Methods: Data were extracted from the 2017 and 2019 Behavioral Risk Factor Surveillance System (BRFSS) to compare prevalences of health characteristics (i.e., diabetes, disability, poor health, high cholesterol, hypertension, no health care coverage, weight status) and health behaviors (i.e., fruit consumption, vegetable consumption, physical inactivity, high alcohol consumption, smoking) among community-dwelling stroke survivors, stratified by rural status (i.e., rural vs. non-rural). Logistic regression was used to calculate odds ratios (ORs) for health characteristics and health behaviors to examine the association of rural status with each variable of interest (reference group=non-rural).
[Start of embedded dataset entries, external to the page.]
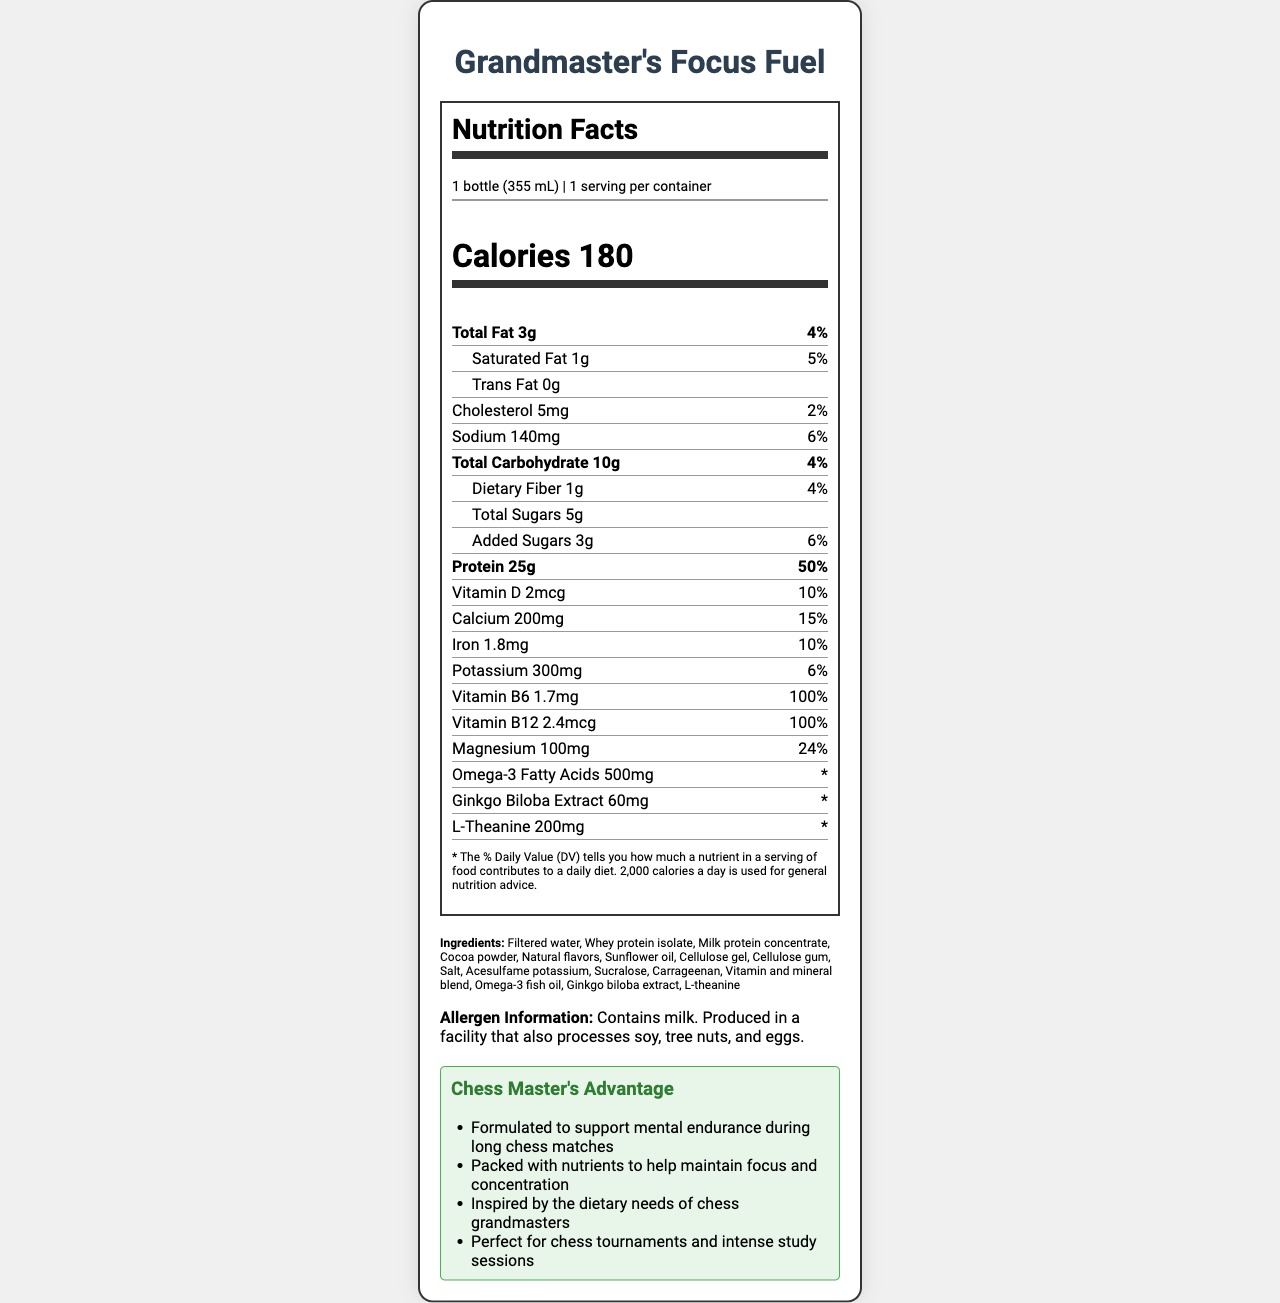how many calories are in a serving of Grandmaster's Focus Fuel? The document states that there are 180 calories per serving.
Answer: 180 what is the serving size for Grandmaster's Focus Fuel? According to the document, the serving size is 1 bottle (355 mL).
Answer: 1 bottle (355 mL) how much protein does one serving contain? The document specifies that one serving contains 25 grams of protein, which amounts to 50% of the daily value.
Answer: 25g how much total fat is in one serving, and what percentage of the daily value does it represent? The document indicates that one serving contains 3 grams of total fat, which is 4% of the daily value.
Answer: 3g, 4% what allergens are present in Grandmaster's Focus Fuel? The allergen information section of the document states that the product contains milk and is produced in a facility that processes soy, tree nuts, and eggs.
Answer: Milk how much sodium does one serving of Grandmaster's Focus Fuel contain? A. 100mg B. 120mg C. 140mg D. 160mg The document indicates that one serving contains 140mg of sodium, which is 6% of the daily value.
Answer: C. 140mg what is the daily value percentage of calcium in a serving of Grandmaster's Focus Fuel? A. 10% B. 15% C. 20% D. 25% According to the document, one serving provides 200mg of calcium, which is 15% of the daily value.
Answer: B. 15% does Grandmaster's Focus Fuel contain any added sugars? The document indicates that it contains 3g of added sugars, which is 6% of the daily value.
Answer: Yes is the omega-3 fatty acids percentage of daily value provided? The document lists the amount of omega-3 fatty acids as 500mg but does not provide the daily value percentage.
Answer: No summarize the purpose of Grandmaster's Focus Fuel as stated in the document. The document describes the product's purpose as supporting mental endurance and focus during chess matches, providing essential nutrients to maintain concentration, and being ideal for tournaments and intense study sessions.
Answer: Grandmaster's Focus Fuel is a chess-themed protein shake designed to support mental focus and endurance during chess matches. It is packed with nutrients, including essential vitamins, minerals, and proteins, aimed at maintaining concentration and enhancing mental performance, inspired by the dietary needs of chess grandmasters. how many servings are in one container of Grandmaster's Focus Fuel? The document specifies that there is 1 serving per container.
Answer: 1 what are the primary protein sources in Grandmaster's Focus Fuel? The ingredients section of the document lists whey protein isolate and milk protein concentrate as the primary protein sources.
Answer: Whey protein isolate and milk protein concentrate what are the additional mental focus ingredients in Grandmaster's Focus Fuel? The document lists Ginkgo biloba extract (60mg) and L-theanine (200mg) as ingredients formulated to enhance mental focus.
Answer: Ginkgo biloba extract and L-theanine can the document provide information about the environmental impact of the ingredients? The document does not provide any information regarding the environmental impact of the ingredients used in Grandmaster's Focus Fuel.
Answer: Cannot be determined what inspired the formulation of Grandmaster's Focus Fuel? The marketing claims section states that the product is inspired by the dietary needs of chess grandmasters.
Answer: Dietary needs of chess grandmasters

Results: Data from 14,599 respondents (rural: n = 5,039; non-rural: n = 9,560) were available for analysis. The majority of respondents were female (61.4%), non-Hispanic white (83.2%), previously married (56.1%), had at least some college education (55.2%), and had an annual household income ≥USD $25,000 (56.9%). Prevalences of disability, poor health, weekly aerobic exercise, and smoking were higher among rural respondents compared to non-rural respondents. Logistic regression showed increased odds (odds ratio range: 1.1-1.2) for these variables among rural respondents; however, odds ratios were attenuated after controlling for sociodemographic and health characteristics.

Conclusions: We did not find evidence of differences in the investigated health characteristics and health behaviors between rural and non-rural community-dwelling stroke survivors in the USA. Additional research is needed to confirm these findings and to identify alternative sociodemographic and health factors that may differ between rural and non-rural community-dwelling stroke survivors.